[Start of section]

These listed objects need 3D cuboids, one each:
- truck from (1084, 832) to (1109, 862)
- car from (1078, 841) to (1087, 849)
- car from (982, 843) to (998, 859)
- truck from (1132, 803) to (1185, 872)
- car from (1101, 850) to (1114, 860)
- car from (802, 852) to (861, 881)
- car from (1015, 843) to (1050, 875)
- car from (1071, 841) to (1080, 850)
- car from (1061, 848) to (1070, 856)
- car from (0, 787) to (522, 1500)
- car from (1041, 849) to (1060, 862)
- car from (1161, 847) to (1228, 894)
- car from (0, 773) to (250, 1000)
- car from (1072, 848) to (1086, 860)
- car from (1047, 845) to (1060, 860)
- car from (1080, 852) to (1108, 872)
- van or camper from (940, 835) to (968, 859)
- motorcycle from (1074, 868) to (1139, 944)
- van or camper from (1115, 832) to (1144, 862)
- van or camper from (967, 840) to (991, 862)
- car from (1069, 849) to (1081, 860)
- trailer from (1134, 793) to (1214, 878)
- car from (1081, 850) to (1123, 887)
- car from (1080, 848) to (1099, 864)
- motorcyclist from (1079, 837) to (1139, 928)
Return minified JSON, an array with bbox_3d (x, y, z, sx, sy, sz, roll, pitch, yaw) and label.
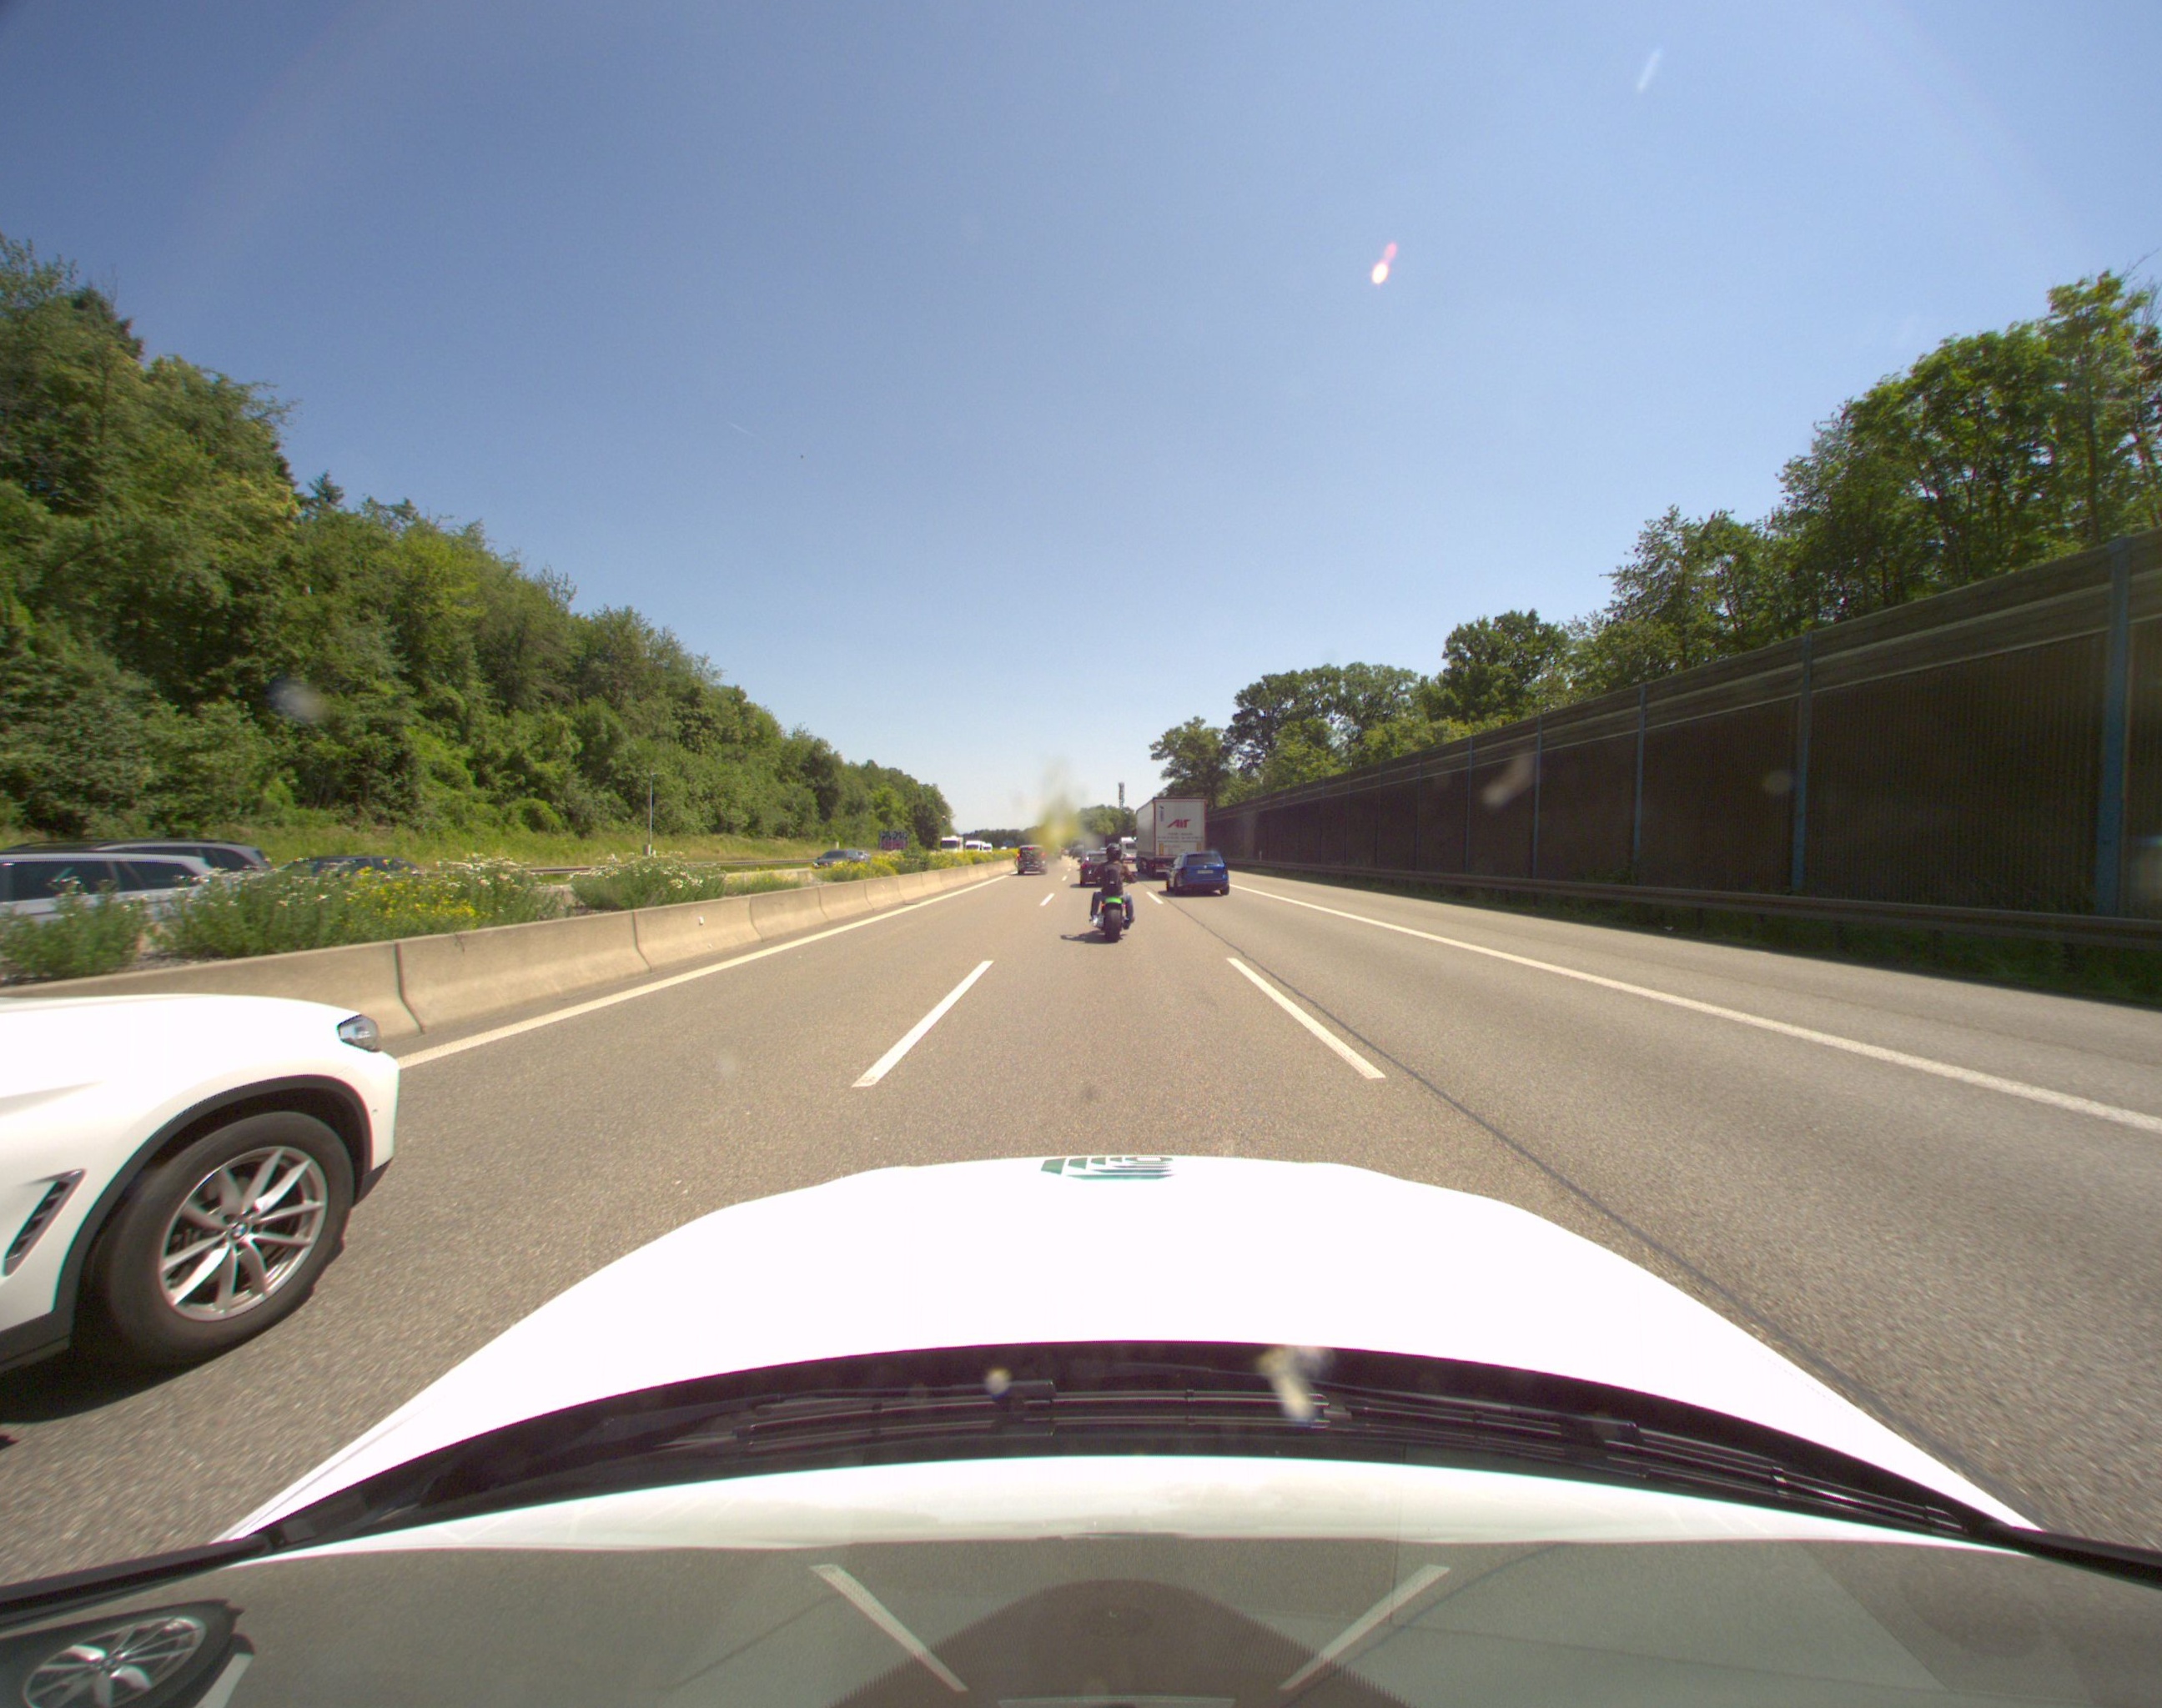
[{"bbox_3d":[2.672,-1.189,145.410,3.795,4.960,8.939,-1,-1,-3],"label":"truck"},{"bbox_3d":[0.363,-2.210,196.397,2.102,1.876,3.997,-1,-1,-1],"label":"car"},{"bbox_3d":[-16.641,-0.543,149.638,2.193,2.741,5.746,-1,0,0],"label":"car"},{"bbox_3d":[4.903,-1.017,52.542,2.876,4.146,5.986,-1,0,0],"label":"truck"},{"bbox_3d":[4.240,0.144,128.493,1.986,1.574,4.001,-1,-1,1],"label":"car"},{"bbox_3d":[-14.402,0.670,47.222,1.986,1.587,4.275,-1,0,1],"label":"car"},{"bbox_3d":[-2.965,0.311,50.938,1.893,1.873,4.411,-1,-1,0],"label":"car"},{"bbox_3d":[-1.298,-2.108,202.044,2.102,1.876,3.997,-1,-1,-1],"label":"car"},{"bbox_3d":[-3.216,-0.448,172.859,1.827,1.496,3.741,-1,-1,-1],"label":"car"},{"bbox_3d":[-3.534,0.705,1.197,1.857,1.694,4.958,-1,0,2],"label":"car"},{"bbox_3d":[-3.352,0.172,90.498,1.988,1.387,3.998,-1,-1,-1],"label":"car"},{"bbox_3d":[3.828,0.550,28.206,1.645,1.483,4.480,-1,-1,-1],"label":"car"},{"bbox_3d":[-10.600,0.306,7.337,1.985,2.014,4.003,-1,-1,3],"label":"car"},{"bbox_3d":[-0.298,0.070,117.495,1.988,1.640,3.996,-1,-1,-2],"label":"car"},{"bbox_3d":[-3.834,-0.176,113.792,1.786,2.014,3.641,-1,-1,0],"label":"car"},{"bbox_3d":[0.959,0.579,60.093,1.987,1.430,3.847,-1,-1,1],"label":"car"},{"bbox_3d":[-18.272,-0.960,117.785,2.531,3.317,9.001,-1,-1,0],"label":"van or camper"},{"bbox_3d":[0.505,0.854,14.367,0.960,1.148,2.816,0,0,6],"label":"motorcycle"},{"bbox_3d":[4.906,-0.641,83.322,2.676,2.813,6.803,-1,-1,1],"label":"van or camper"},{"bbox_3d":[-13.709,-0.390,110.030,2.250,2.899,6.557,-1,0,1],"label":"van or camper"},{"bbox_3d":[-1.125,0.084,145.995,1.908,2.014,3.684,-1,-1,-5],"label":"car"},{"bbox_3d":[4.910,-0.906,45.879,2.876,4.038,13.793,-1,0,0],"label":"trailer"},{"bbox_3d":[0.853,0.614,34.942,1.657,1.453,3.868,-1,-1,0],"label":"car"},{"bbox_3d":[0.876,0.189,82.028,1.773,1.552,3.586,0,0,1],"label":"car"},{"bbox_3d":[0.527,0.481,14.195,0.895,1.475,1.875,-1,-1,6],"label":"motorcyclist"}]

[End of section]

WHAT TO DO ▸
In the material above, find the line containing "- car from (1069, 849) to (1081, 860)" and the line containing "- motorcyclist from", then write out exactly those two lines and every line between them, and nothing more.

SOLUTION BELOW ▸
- car from (1069, 849) to (1081, 860)
- trailer from (1134, 793) to (1214, 878)
- car from (1081, 850) to (1123, 887)
- car from (1080, 848) to (1099, 864)
- motorcyclist from (1079, 837) to (1139, 928)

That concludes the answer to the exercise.